▶ The task:
In the material below, find the line that contains "From this photo, infer" and the line that contains "- car [377, 220, 383, 258]", then write out exactly those two lines and everything between them.

▶ Task input:
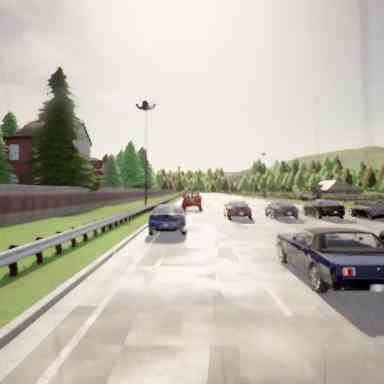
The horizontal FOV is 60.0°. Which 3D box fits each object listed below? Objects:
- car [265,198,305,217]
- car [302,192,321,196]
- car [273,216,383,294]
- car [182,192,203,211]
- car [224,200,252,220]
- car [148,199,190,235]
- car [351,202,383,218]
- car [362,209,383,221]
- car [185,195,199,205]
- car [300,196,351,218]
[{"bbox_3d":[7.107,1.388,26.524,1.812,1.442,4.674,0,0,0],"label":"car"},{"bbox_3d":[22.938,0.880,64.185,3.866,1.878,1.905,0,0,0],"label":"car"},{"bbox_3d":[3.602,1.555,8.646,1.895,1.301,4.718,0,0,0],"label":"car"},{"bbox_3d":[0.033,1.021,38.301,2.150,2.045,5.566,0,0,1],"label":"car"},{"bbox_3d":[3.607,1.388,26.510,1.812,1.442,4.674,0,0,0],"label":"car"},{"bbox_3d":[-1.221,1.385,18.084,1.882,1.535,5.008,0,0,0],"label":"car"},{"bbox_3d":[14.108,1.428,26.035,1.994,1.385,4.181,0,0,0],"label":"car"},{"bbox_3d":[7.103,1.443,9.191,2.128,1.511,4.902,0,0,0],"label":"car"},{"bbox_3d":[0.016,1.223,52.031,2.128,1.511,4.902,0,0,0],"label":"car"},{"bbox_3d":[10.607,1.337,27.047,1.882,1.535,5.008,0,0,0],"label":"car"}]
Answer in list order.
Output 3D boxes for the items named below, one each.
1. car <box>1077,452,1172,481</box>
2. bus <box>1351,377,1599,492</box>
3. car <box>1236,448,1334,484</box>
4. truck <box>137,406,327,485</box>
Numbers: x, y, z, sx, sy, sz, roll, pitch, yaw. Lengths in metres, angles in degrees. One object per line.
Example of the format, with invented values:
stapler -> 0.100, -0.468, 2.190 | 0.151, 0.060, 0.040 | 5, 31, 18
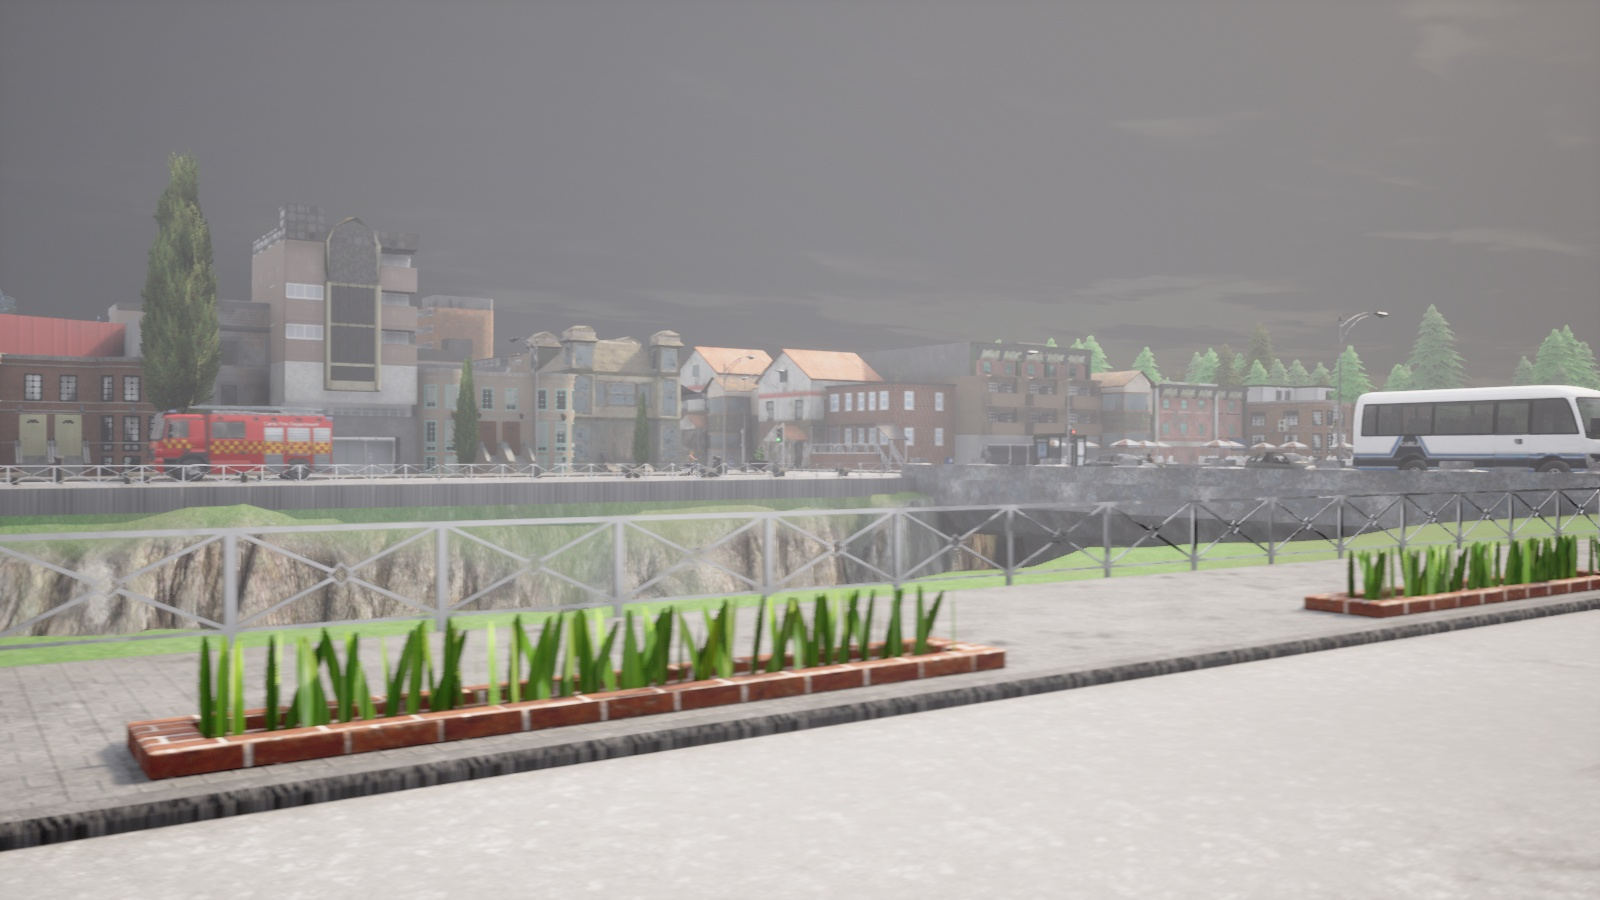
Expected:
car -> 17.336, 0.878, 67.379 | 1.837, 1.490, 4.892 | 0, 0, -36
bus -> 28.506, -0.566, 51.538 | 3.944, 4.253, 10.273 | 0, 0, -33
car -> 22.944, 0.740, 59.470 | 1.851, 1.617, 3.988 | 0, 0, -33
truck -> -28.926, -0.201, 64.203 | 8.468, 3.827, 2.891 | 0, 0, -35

---

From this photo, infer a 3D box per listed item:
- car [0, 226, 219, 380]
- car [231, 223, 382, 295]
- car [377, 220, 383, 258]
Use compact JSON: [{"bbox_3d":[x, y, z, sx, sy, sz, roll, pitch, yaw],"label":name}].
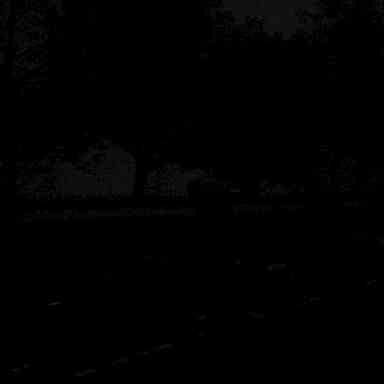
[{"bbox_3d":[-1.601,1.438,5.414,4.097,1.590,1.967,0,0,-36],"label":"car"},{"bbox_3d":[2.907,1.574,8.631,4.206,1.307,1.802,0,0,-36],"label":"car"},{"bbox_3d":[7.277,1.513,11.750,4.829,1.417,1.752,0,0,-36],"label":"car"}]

▶ Task solution:
From this photo, infer a 3D box per listed item:
- car [0, 226, 219, 380]
- car [231, 223, 382, 295]
- car [377, 220, 383, 258]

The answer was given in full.